The Problem with Naming

The title of Elizabeth Strout’s novel suggests that her protagonist is obsessed with naming. In fact, naming has been central to her experience  since she was a child. Her early years in school were defined by her struggle to name the words she discovered and the actions she observed in others. She was victimized by the names her classmate called her, directly or by inference.1419039988836

Lucy and her mother name her nurses, preferring their own pet names to the given names of these persons who come in and out the sanctuary of the sickroom. Together they struggle to name persons whose lives somehow fill out and enlarge their shared experience. Lucy would like to name the emotion that hangs between the two women, but her mother closes her eyes and refuses to cross that line. Her pet name “Wizzle” is sufficient for all that is unsayable.

There are things that Lucy is reluctant to name. She can’t say the word “snake,” and she shies away from the “Thing” that involves her father and penetrates every page of the novel. She knows that as a writer, she has assumed the obligation of naming, and she worries about the injunction to be “ruthless.” She puzzles over the  reluctance of the writer Sarah Payne to give her name when the two first met in the New York clothing shop, but she comes to understand what it means to own words published in black and white.

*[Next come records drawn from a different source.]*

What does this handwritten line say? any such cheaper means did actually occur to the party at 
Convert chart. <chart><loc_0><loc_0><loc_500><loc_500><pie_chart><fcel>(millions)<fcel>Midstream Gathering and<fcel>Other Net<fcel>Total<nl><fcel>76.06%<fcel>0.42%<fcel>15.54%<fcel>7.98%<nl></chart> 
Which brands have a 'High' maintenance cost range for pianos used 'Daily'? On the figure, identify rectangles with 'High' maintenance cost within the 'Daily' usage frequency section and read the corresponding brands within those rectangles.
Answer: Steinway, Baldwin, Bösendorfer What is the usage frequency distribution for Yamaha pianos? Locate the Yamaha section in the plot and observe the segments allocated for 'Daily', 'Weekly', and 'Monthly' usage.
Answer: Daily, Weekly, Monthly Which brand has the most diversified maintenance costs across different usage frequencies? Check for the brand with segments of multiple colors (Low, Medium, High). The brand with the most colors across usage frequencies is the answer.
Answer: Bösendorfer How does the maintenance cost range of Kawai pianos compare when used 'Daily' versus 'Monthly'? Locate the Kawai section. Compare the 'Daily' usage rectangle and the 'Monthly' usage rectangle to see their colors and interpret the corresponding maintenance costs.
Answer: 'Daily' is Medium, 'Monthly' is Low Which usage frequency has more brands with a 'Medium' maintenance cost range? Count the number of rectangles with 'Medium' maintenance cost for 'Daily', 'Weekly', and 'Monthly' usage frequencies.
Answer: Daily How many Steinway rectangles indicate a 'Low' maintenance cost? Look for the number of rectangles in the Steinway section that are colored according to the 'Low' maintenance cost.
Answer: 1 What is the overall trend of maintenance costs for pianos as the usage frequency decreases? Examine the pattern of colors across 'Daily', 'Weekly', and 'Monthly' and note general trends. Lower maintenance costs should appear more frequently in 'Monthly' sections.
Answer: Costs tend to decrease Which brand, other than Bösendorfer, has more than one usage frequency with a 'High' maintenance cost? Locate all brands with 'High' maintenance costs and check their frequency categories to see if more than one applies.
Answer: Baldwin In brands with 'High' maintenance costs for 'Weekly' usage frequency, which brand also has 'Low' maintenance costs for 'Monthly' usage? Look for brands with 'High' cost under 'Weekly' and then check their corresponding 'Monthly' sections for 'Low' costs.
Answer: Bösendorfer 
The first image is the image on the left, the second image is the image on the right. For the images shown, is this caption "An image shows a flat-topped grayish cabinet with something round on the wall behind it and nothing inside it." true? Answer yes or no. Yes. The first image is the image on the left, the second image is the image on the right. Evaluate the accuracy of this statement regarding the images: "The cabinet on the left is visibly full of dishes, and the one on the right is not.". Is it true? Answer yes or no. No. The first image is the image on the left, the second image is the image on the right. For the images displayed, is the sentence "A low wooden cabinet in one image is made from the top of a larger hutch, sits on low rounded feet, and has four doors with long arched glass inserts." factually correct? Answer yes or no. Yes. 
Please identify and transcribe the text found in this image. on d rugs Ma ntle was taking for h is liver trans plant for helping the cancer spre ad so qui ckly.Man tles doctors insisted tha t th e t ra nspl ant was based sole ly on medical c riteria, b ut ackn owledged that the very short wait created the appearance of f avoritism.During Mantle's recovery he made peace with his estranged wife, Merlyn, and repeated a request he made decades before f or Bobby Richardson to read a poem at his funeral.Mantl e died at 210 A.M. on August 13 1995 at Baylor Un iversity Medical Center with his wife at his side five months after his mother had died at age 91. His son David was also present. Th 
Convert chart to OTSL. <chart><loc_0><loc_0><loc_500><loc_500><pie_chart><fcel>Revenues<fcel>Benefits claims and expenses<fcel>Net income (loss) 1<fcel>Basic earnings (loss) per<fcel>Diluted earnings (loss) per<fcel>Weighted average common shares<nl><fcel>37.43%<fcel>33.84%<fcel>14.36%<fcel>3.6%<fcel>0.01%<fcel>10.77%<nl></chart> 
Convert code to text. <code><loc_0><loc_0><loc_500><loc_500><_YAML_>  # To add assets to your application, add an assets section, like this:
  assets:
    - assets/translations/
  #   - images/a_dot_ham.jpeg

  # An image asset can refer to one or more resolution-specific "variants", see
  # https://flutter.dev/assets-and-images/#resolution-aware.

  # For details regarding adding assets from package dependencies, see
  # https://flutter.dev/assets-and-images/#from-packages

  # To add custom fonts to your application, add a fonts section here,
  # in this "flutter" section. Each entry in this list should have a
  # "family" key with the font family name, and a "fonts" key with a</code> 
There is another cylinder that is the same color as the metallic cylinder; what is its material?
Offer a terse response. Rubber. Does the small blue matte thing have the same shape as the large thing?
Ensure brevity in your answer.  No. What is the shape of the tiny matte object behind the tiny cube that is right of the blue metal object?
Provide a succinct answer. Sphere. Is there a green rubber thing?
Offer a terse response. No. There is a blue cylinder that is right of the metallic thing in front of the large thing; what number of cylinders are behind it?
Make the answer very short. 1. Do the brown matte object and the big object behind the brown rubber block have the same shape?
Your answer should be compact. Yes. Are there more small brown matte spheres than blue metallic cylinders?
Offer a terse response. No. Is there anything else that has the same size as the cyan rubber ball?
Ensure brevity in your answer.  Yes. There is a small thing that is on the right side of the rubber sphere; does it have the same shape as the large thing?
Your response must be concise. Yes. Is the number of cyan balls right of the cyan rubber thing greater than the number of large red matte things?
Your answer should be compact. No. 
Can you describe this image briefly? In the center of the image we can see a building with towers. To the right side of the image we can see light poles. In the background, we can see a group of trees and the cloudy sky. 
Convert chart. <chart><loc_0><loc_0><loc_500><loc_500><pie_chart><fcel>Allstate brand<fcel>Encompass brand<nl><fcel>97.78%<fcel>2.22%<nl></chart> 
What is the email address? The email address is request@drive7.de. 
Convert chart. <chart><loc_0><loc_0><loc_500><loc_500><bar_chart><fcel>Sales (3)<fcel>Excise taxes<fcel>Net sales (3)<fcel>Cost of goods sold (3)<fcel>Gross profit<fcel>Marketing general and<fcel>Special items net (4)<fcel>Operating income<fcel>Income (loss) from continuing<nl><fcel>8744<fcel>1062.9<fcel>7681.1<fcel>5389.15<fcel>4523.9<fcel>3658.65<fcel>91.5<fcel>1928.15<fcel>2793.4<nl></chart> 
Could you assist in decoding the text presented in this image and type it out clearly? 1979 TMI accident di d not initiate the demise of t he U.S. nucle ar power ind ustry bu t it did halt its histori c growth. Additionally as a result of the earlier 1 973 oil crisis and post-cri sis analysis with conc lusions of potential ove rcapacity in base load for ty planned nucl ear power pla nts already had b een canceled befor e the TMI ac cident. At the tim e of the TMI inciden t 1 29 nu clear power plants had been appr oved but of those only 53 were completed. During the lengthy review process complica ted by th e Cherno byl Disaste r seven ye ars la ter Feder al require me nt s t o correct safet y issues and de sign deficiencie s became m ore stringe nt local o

Lucy came of age with parents who found it difficult to name their past as well as the present. Her father’s denial of the two young German civilians he killed in WWII when he was barely older than a boy is a failure of naming that overshadows his life and figures in his rejection of the German heritage of the man Lucy marries. That family horror lingers , leaving Lucy with an unnamed conflict over her husband’s inheritance of money from an ancestor whose profits had come from the war. Her nightmares related fears that a Nazi would imprison her and take her children.

Much is left unnamed in this novel–the breakup of Lucy’s first marriage, the relationships of her daughters with their stepmother, her rise to fame as a novelist, her choice of second partner. It is far easier for Lucy to name the cornfields of her youth and the skyline of her adulthood than it is to name her conflicted emotions over her own role as mother. She is after all her mother’s daughter.